Na edição de março de 1986, o Mimeógrafo publicava os poetas Touchê, Luiz Ruffato, Paulo Leminski e Marcelo Dolabela. Na capa da edição de setembro, uma poesia (provavelmente de Galahade) tinha seus versos cuspidos de uma garrafa de Coca-Cola: “Fórmula química secreta/ Gás miraculoso/ Xarope multinacional/ Marca registrada/ Sem valor comercial/ Matéria cultural/ Sem valor comercial/ Matéria sem valor”. Na seção “Let me Traduceslation”, no entanto, o lado “fã” do periódico aflorava. Ali, a canção “With a little help from my friends”, dos Beatles, virava “Com uma mãozinha de meus amigos” – versão assinada “Galahade/Lennon/McCartney”. O quinto beatle era então exposto. Jim Morrison ainda apareceria num número de 1992, apontando para o leitor e ordenando: “Mude hoje a fantasia”.

Como o Gilete Press, o Mimeógrafo Generation mandava recados para poetas: “Ruffato veio mesmo para Sampa! (...) ainda vamos encher a cara por aqui!”, “Márcio Almeida manda-me poema inédito (diz ele!) que é um chtz-chute no saco da poesia pra turista!” (o que quer que isso seja), ou ainda “Aricy Curvello aconselha os poetas da marginália a doarem um exemplar de suas obras (...) à Biblioteca Nacional (...). Pensando bem é uma boa!”. A maioria dos periódicos de poesia marginal na BN foi doada por Aricy. Foi mesmo uma boa.

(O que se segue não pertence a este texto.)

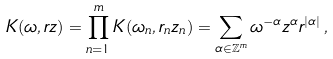Convert formula to latex. <formula><loc_0><loc_0><loc_500><loc_500>K ( \omega , r z ) = \prod _ { n = 1 } ^ { m } K ( \omega _ { n } , r _ { n } z _ { n } ) = \sum _ { \alpha \in \mathbb { Z } ^ { m } } \omega ^ { - \alpha } z ^ { \alpha } r ^ { | \alpha | } \, ,</formula> 
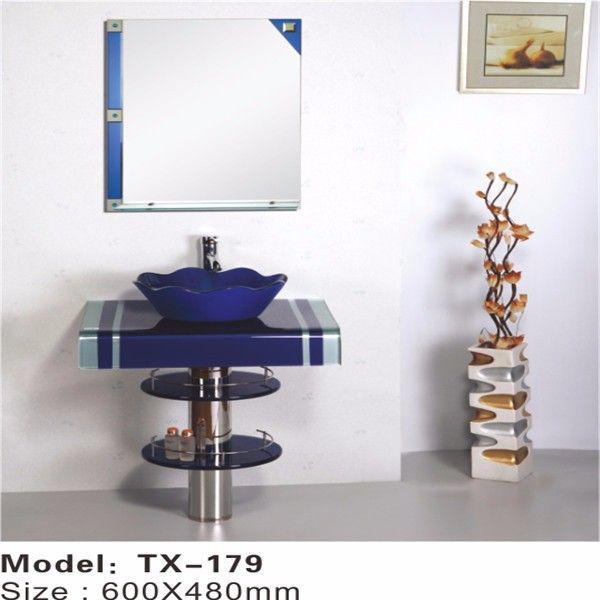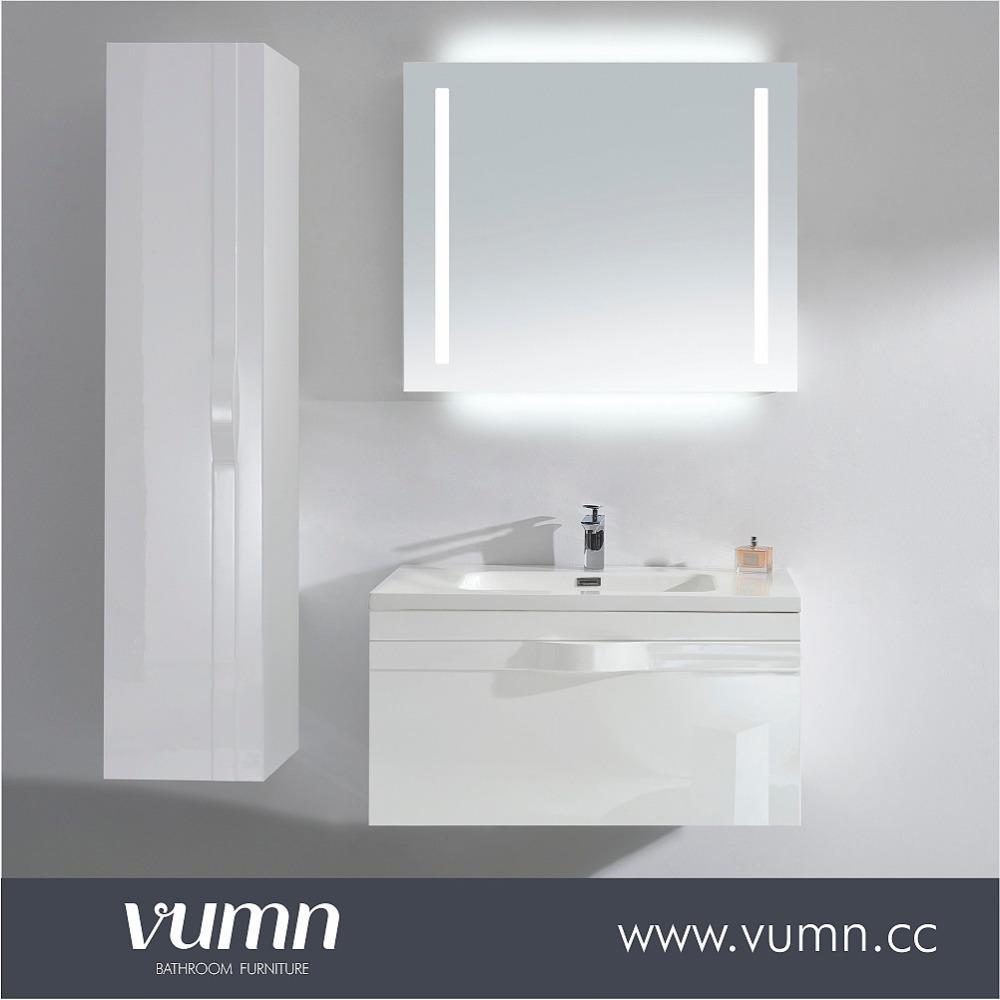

Nem sempre os periódicos de poesia marginal ficavam “entre amigos”. Antecipando o Creative Commons, organização que atualmente visa ao compartilhamento de obras criativas com menos restrições de direitos autorais, parte deles simplesmente transcrevia autores de seu gosto, sem pedir autorização. Uma vez, consultado pelo Setor de Periódicos da Biblioteca Nacional sobre textos seus no mimeografado O Berração, sem registro de local, o escritor curitibano Cristóvão Tezza se surpreendeu: “Confesso que não tenho a menor lembrança do que seja.Você pode me dizer que texto meu está no pacote?" Naquele tempo, ninguém era de ninguém.